Transcribe the listing exactly as written. Leave the images out.

---- Input data

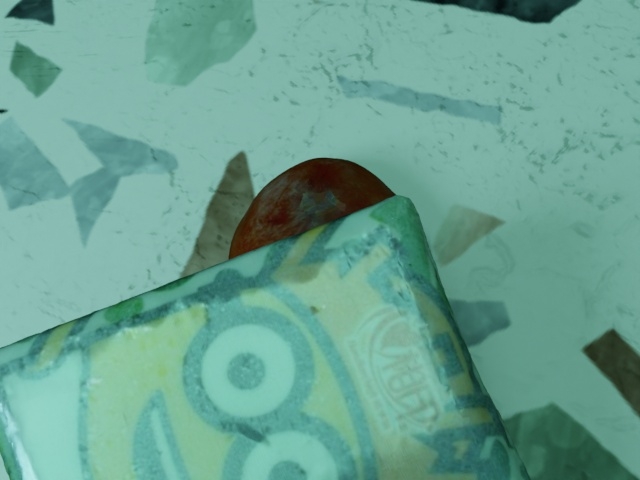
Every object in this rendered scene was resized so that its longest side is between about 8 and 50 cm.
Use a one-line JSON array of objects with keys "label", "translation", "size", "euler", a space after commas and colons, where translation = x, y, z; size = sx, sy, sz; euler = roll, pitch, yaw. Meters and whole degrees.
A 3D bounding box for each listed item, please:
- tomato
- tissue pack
[{"label": "tomato", "translation": [0.000, 0.000, 1.005], "size": [0.155, 0.069, 0.156], "euler": [-4, 61, 7]}, {"label": "tissue pack", "translation": [-0.043, 0.133, 0.882], "size": [0.310, 0.128, 0.228], "euler": [-20, 77, -4]}]
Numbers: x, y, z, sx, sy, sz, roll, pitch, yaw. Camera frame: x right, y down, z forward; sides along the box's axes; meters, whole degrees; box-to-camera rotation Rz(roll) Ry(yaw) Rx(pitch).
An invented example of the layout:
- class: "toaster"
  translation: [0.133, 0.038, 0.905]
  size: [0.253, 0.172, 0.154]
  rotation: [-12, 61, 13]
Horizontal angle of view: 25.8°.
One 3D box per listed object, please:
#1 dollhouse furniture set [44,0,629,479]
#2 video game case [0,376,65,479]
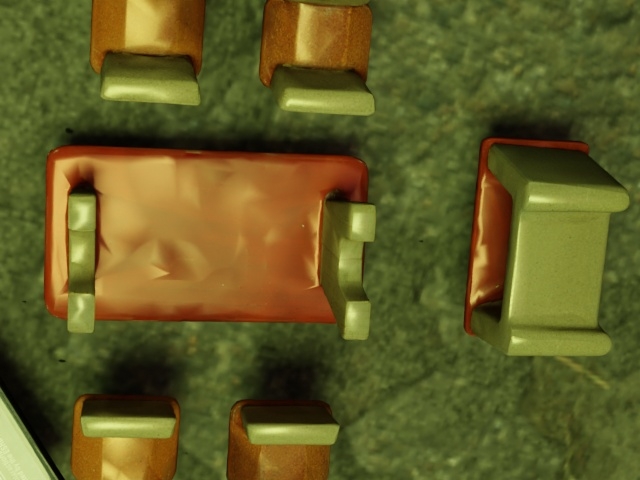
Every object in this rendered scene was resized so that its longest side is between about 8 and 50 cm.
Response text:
- class: "dollhouse furniture set"
  translation: [0.000, 0.000, 0.665]
  size: [0.259, 0.135, 0.261]
  rotation: [2, 102, -10]
- class: "video game case"
  translation: [-0.284, 0.105, 0.634]
  size: [0.274, 0.026, 0.196]
  rotation: [-31, 95, -6]
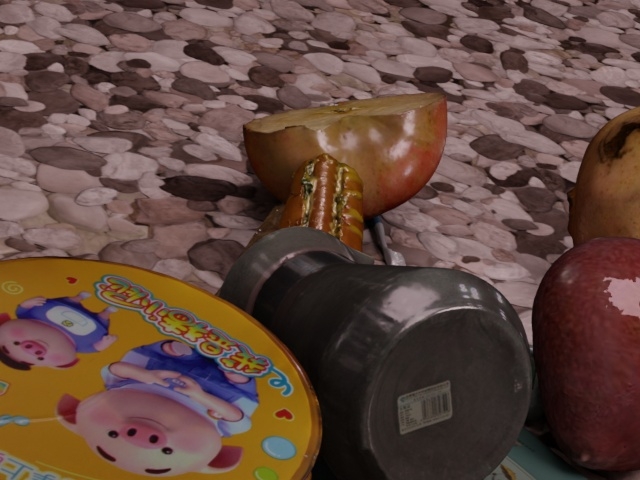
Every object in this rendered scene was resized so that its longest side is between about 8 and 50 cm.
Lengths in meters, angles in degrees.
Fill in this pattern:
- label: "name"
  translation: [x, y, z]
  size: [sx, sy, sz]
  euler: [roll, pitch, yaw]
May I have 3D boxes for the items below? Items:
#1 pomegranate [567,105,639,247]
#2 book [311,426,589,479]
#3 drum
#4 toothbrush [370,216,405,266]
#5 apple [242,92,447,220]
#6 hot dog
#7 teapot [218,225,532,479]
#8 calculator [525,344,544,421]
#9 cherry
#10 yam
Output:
- label: "pomegranate"
  translation: [0.476, -0.037, 2.156]
  size: [0.322, 0.322, 0.322]
  euler: [10, 27, -5]
- label: "book"
  translation: [0.144, 0.293, 1.682]
  size: [0.379, 0.031, 0.264]
  euler: [-8, 33, -35]
- label: "drum"
  translation: [-0.223, 0.210, 1.451]
  size: [0.431, 0.214, 0.431]
  euler: [11, 31, -7]
- label: "toothbrush"
  translation: [0.081, -0.030, 2.288]
  size: [0.025, 0.019, 0.276]
  euler: [13, 26, -19]
- label: "apple"
  translation: [0.042, -0.111, 2.253]
  size: [0.293, 0.163, 0.251]
  euler: [-9, 10, -7]
- label: "hot dog"
  translation: [0.000, 0.000, 2.042]
  size: [0.115, 0.072, 0.269]
  euler: [2, 57, -2]
- label: "teapot"
  translation: [0.030, 0.136, 1.701]
  size: [0.300, 0.253, 0.344]
  euler: [-36, 28, -16]
- label: "calculator"
  translation: [0.182, 0.154, 1.952]
  size: [0.246, 0.045, 0.141]
  euler: [17, 28, 6]
- label: "cherry"
  translation: [0.352, 0.135, 1.838]
  size: [0.221, 0.261, 0.307]
  euler: [-8, 39, 30]
- label: "yam"
  translation: [-0.078, 0.032, 2.056]
  size: [0.066, 0.066, 0.300]
  euler: [15, 27, 5]

--------

• **Written solution**
Every object in this rendered scene was resized so that its longest side is between about 8 and 50 cm.
Use a one-line JSON array of objects with keys "label", "translation", "size", "euler", a space after commas and colons, where translation = x, y, z; size = sx, sy, sz; euler = roll, pitch, yaw. Meters and whole degrees.
A 3D bounding box for each listed item, please:
- tomato
- tissue pack
[{"label": "tomato", "translation": [0.000, 0.000, 1.005], "size": [0.155, 0.069, 0.156], "euler": [-4, 61, 7]}, {"label": "tissue pack", "translation": [-0.043, 0.133, 0.882], "size": [0.310, 0.128, 0.228], "euler": [-20, 77, -4]}]
Numbers: x, y, z, sx, sy, sz, roll, pitch, yaw. Camera frame: x right, y down, z forward; sides along the box's axes; meters, whole degrees; box-to-camera rotation Rz(roll) Ry(yaw) Rx(pitch).
An invented example of the layout:
- class: "toaster"
  translation: [0.133, 0.038, 0.905]
  size: [0.253, 0.172, 0.154]
  rotation: [-12, 61, 13]
Horizontal angle of view: 25.8°.
One 3D box per listed object, please:
#1 dollhouse furniture set [44,0,629,479]
#2 video game case [0,376,65,479]
Every object in this rendered scene was resized so that its longest side is between about 8 and 50 cm.
Response text:
- class: "dollhouse furniture set"
  translation: [0.000, 0.000, 0.665]
  size: [0.259, 0.135, 0.261]
  rotation: [2, 102, -10]
- class: "video game case"
  translation: [-0.284, 0.105, 0.634]
  size: [0.274, 0.026, 0.196]
  rotation: [-31, 95, -6]
Every object in this rendered scene was resized so that its longest side is between about 8 and 50 cm.
Lengths in meters, angles in degrees.
Fill in this pattern:
- label: "name"
  translation: [x, y, z]
  size: [sx, sy, sz]
  euler: [roll, pitch, yaw]
May I have 3D boxes for the items below? Items:
#1 pomegranate [567,105,639,247]
#2 book [311,426,589,479]
#3 drum
#4 toothbrush [370,216,405,266]
#5 apple [242,92,447,220]
#6 hot dog
#7 teapot [218,225,532,479]
#8 calculator [525,344,544,421]
#9 cherry
#10 yam
Output:
- label: "pomegranate"
  translation: [0.476, -0.037, 2.156]
  size: [0.322, 0.322, 0.322]
  euler: [10, 27, -5]
- label: "book"
  translation: [0.144, 0.293, 1.682]
  size: [0.379, 0.031, 0.264]
  euler: [-8, 33, -35]
- label: "drum"
  translation: [-0.223, 0.210, 1.451]
  size: [0.431, 0.214, 0.431]
  euler: [11, 31, -7]
- label: "toothbrush"
  translation: [0.081, -0.030, 2.288]
  size: [0.025, 0.019, 0.276]
  euler: [13, 26, -19]
- label: "apple"
  translation: [0.042, -0.111, 2.253]
  size: [0.293, 0.163, 0.251]
  euler: [-9, 10, -7]
- label: "hot dog"
  translation: [0.000, 0.000, 2.042]
  size: [0.115, 0.072, 0.269]
  euler: [2, 57, -2]
- label: "teapot"
  translation: [0.030, 0.136, 1.701]
  size: [0.300, 0.253, 0.344]
  euler: [-36, 28, -16]
- label: "calculator"
  translation: [0.182, 0.154, 1.952]
  size: [0.246, 0.045, 0.141]
  euler: [17, 28, 6]
- label: "cherry"
  translation: [0.352, 0.135, 1.838]
  size: [0.221, 0.261, 0.307]
  euler: [-8, 39, 30]
- label: "yam"
  translation: [-0.078, 0.032, 2.056]
  size: [0.066, 0.066, 0.300]
  euler: [15, 27, 5]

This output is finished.